Here’s a simple and intuitive way of looking at the geometry of a least squares regression:
Take the bottom left point in the triangle below as the origin O. For the linear model:
$$ Y=X\beta + \epsilon $$
Both $Y$ and \(X\beta\) are vectors, and the residual vector \(\epsilon\) is the difference. The standard least squares error technique uses \(\epsilon^2\) or \((Y-X\beta)^T(Y-X\beta)\) as the error measure to be minimised, and this leads to the calculation of the \(\beta\) coefficient vector.

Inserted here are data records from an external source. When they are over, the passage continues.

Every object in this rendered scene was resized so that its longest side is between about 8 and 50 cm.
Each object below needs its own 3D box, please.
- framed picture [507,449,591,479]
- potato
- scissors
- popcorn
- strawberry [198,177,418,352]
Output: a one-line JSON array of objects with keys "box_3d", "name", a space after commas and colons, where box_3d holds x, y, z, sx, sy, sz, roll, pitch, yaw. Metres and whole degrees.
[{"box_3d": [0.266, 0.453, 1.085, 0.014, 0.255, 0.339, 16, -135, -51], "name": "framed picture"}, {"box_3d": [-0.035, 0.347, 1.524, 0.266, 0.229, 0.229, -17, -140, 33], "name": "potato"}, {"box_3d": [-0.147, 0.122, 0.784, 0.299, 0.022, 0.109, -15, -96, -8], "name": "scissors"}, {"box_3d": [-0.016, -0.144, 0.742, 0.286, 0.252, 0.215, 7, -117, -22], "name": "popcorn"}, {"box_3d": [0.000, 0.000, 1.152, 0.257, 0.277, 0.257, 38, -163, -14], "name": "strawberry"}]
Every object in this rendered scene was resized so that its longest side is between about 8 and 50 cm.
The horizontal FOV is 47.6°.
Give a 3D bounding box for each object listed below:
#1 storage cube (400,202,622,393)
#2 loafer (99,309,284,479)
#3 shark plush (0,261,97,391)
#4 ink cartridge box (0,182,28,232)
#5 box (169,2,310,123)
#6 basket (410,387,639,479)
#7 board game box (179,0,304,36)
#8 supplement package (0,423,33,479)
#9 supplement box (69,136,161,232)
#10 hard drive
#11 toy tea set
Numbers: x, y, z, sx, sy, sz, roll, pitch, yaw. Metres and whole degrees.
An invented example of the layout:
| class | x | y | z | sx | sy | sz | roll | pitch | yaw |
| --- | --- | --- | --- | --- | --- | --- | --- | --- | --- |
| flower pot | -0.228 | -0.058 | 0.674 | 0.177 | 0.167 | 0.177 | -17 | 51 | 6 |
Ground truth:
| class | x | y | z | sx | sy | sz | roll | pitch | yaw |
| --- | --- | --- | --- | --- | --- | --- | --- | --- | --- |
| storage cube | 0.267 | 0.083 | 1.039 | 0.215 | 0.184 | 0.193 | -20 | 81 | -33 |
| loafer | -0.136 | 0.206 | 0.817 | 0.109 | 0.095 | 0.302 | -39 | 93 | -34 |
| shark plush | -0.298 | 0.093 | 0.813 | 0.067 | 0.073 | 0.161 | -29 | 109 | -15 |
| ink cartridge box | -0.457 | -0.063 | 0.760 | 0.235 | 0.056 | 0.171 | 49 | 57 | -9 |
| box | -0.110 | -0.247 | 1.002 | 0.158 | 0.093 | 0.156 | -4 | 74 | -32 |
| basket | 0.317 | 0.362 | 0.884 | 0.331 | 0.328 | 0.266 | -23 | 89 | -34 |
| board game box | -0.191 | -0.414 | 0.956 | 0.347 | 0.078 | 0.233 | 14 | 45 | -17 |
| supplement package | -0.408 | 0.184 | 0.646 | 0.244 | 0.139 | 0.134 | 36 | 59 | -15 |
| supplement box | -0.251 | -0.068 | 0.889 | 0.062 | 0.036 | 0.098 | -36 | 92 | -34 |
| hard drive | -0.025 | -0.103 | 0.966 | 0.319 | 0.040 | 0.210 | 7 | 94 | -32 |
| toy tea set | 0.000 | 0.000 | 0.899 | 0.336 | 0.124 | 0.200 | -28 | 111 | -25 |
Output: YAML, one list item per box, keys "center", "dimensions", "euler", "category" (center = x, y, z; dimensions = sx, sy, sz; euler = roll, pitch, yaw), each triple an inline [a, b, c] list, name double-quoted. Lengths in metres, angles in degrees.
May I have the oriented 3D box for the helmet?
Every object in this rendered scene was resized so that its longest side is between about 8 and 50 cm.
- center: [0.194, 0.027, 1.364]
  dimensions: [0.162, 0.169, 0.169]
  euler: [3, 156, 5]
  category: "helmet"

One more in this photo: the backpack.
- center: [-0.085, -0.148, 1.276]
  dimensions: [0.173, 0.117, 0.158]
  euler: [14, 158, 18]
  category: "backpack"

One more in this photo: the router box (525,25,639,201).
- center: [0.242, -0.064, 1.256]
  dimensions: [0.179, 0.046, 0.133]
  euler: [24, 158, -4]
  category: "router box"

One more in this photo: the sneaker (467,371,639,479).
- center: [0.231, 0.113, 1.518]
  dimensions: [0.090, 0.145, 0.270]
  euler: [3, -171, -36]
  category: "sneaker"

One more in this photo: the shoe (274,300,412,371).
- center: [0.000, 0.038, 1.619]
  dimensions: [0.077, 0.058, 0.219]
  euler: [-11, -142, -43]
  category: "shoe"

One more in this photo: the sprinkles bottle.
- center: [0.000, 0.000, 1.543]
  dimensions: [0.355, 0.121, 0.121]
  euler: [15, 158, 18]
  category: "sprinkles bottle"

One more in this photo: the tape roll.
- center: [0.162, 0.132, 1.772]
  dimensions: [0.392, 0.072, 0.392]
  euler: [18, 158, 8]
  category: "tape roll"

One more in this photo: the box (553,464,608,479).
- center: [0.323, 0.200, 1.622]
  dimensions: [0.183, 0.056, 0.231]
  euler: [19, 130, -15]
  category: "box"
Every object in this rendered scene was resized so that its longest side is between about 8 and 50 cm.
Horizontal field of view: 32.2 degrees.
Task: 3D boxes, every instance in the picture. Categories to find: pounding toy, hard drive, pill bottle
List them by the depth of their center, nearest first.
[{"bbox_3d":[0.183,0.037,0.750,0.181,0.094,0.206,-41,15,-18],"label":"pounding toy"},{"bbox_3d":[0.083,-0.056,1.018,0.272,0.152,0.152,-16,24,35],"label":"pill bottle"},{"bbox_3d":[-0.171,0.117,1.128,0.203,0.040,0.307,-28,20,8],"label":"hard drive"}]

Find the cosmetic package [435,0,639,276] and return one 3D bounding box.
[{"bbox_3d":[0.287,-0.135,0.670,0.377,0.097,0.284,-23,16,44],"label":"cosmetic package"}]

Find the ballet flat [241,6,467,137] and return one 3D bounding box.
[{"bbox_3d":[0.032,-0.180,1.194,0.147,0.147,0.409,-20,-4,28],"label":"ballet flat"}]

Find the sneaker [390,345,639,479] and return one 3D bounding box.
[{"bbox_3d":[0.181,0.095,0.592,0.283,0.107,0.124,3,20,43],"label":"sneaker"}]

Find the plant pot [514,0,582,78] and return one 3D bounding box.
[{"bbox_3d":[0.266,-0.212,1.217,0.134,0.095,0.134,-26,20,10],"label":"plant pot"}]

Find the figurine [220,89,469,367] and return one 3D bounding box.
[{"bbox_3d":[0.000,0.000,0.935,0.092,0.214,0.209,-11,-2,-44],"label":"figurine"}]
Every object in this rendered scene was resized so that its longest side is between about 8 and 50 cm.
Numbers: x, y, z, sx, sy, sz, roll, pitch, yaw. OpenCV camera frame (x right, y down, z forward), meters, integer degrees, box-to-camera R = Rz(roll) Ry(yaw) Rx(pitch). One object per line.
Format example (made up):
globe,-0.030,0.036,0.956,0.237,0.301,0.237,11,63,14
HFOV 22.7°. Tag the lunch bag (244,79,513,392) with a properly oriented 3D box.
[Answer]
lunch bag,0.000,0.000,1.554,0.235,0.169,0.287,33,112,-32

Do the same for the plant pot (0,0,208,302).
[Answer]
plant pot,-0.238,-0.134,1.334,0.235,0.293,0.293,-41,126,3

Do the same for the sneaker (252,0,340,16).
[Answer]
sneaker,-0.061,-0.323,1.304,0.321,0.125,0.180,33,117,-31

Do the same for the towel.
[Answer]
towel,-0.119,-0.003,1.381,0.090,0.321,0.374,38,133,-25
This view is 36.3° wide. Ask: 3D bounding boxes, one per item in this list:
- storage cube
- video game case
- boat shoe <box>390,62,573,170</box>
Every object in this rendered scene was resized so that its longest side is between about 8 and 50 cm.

Geometrically, the beta coefficients calculated by the least squares regression minimise the squared length of the error vector. This turns out to be the projection of \(Y\) on to \(X\beta\) – i.e. the perpendicular vector that turns (O, \(Y\), \(X\beta\)) into a right-angled triangle.
The projection of \(Y\) onto \(X\beta\) is done using the projection matrix P, which is defined as
\[ P = X\left(X^{T}X\right)^{-1}X^{T} \]
So \( X\beta = \hat{Y} = PY \).
Using the Pythagorean theorem:
\( Y^TY = \hat{Y}^T\hat{Y} + (Y-X\beta)^T(Y-X\beta) \)
In other words, the total sum of squares = sum of squares due to regression + residual sum of squares. This is a fundamental part of analysis of variance techniques.